Tony is correct. In maybe 50% of the cases it's just the editors that have not moved the children to the accepted parent yet.

BUT, in quite some cases this is on purpose, as a genus was marked as unaccepted and none or only part of the species were moved in that publication.

Basically we just need to live/deal with this...
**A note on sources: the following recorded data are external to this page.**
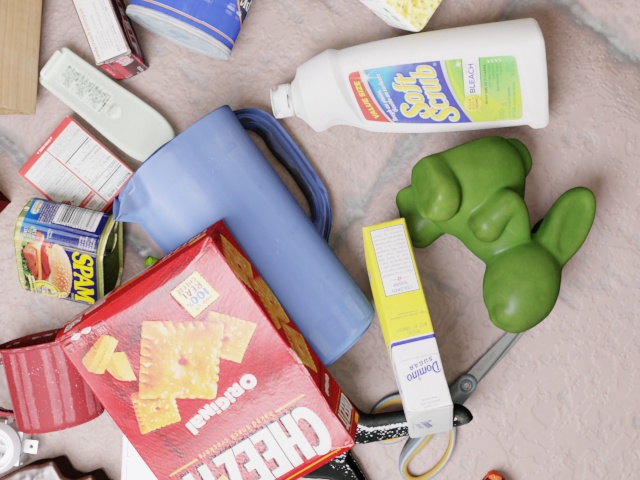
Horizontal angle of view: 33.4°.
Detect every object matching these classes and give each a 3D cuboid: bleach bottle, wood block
[{"bbox_3d":[0.080,-0.139,0.992,0.251,0.068,0.102,-8,122,5],"label":"bleach bottle"},{"bbox_3d":[-0.315,-0.222,0.970,0.091,0.090,0.206,3,90,22],"label":"wood block"}]

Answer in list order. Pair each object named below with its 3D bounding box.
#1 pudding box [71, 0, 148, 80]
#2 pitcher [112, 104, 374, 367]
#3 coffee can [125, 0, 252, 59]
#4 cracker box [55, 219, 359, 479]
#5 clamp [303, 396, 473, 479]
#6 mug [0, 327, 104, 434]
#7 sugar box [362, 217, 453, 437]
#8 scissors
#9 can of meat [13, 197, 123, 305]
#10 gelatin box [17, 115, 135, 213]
[{"bbox_3d":[-0.200,-0.210,0.981,0.039,0.090,0.113,-23,90,0],"label":"pudding box"},{"bbox_3d":[-0.056,0.001,0.972,0.149,0.145,0.243,-38,94,12],"label":"pitcher"},{"bbox_3d":[-0.104,-0.251,0.976,0.103,0.103,0.140,23,89,0],"label":"coffee can"},{"bbox_3d":[-0.093,0.117,0.897,0.164,0.072,0.213,-32,99,12],"label":"cracker box"},{"bbox_3d":[0.020,0.202,1.003,0.210,0.036,0.164,17,100,7],"label":"clamp"},{"bbox_3d":[-0.257,0.130,0.983,0.117,0.093,0.081,-10,95,2],"label":"mug"},{"bbox_3d":[0.077,0.079,0.952,0.048,0.093,0.176,-11,66,2],"label":"sugar box"},{"bbox_3d":[0.118,0.135,1.019,0.096,0.016,0.202,28,90,1],"label":"scissors"},{"bbox_3d":[-0.230,0.012,0.978,0.084,0.102,0.057,13,47,2],"label":"can of meat"},{"bbox_3d":[-0.228,-0.062,1.011,0.089,0.030,0.073,40,88,-1],"label":"gelatin box"}]
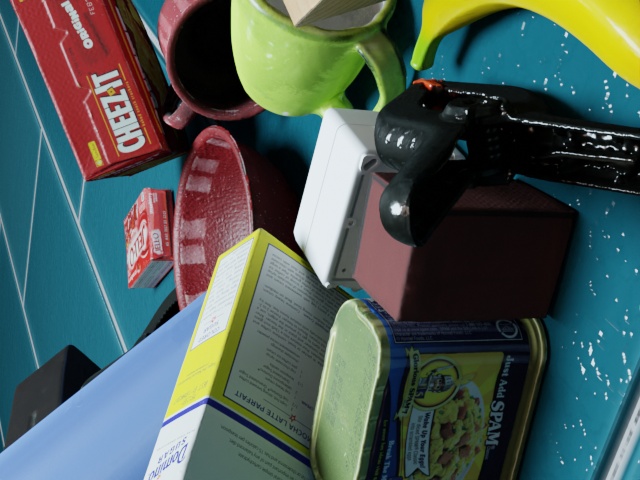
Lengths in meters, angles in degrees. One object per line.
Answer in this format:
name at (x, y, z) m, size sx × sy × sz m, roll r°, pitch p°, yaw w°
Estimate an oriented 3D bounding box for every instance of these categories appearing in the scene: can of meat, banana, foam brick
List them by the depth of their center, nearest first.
banana at (0.095, -0.102, 0.457) m, size 0.198 × 0.037 × 0.069 m, roll -151°, pitch 50°, yaw -64°
foam brick at (0.062, 0.002, 0.473) m, size 0.053 × 0.078 × 0.051 m, roll -135°, pitch 50°, yaw -60°
can of meat at (0.047, 0.075, 0.494) m, size 0.057 × 0.083 × 0.102 m, roll -136°, pitch 51°, yaw -58°

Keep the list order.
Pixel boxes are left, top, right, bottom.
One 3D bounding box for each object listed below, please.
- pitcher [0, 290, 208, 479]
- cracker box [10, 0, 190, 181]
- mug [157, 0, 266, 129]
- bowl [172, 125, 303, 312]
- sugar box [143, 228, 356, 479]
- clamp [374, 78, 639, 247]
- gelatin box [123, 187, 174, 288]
pitcher at (-0.117, 0.140, 0.654) m, size 0.243 × 0.145 × 0.149 m, roll -41°, pitch 59°, yaw 4°
cracker box at (-0.170, -0.135, 0.856) m, size 0.214 × 0.072 × 0.164 m, roll -123°, pitch 11°, yaw -85°
mug at (-0.077, -0.132, 0.762) m, size 0.117 × 0.093 × 0.081 m, roll -56°, pitch 28°, yaw 12°
bowl at (-0.055, 0.001, 0.755) m, size 0.162 × 0.055 × 0.162 m, roll -179°, pitch 90°, yaw -64°
sugar box at (-0.028, 0.089, 0.535) m, size 0.048 × 0.093 × 0.176 m, roll -32°, pitch 30°, yaw 41°
clamp at (0.078, -0.041, 0.444) m, size 0.171 × 0.120 × 0.039 m, roll -96°, pitch 5°, yaw -68°
gelatin box at (-0.166, -0.001, 1.033) m, size 0.089 × 0.030 × 0.073 m, roll 138°, pitch 128°, yaw -59°

mdoering commented 2 years ago

The problem of uncertain placement of species with a genus that is known to been removed is a problem we see in many systems, but each one deals with this problem differently. COL has adopted a recommendation to place such species under the next higher rank, e.g. family, and assign them a provisionally accepted status. Discussion and final conclusion at https://github.com/CatalogueOfLife/coldp/issues/45

A tough one to standardise...

yroskov commented 2 years ago

COL has adopted...

Whatever "CoL" adopted, our ability to clean up the mess, left in unresolved areas by taxonomists, is very limited. In many cases, we can only re-publish data as they delivered from the resources especially with automated updates.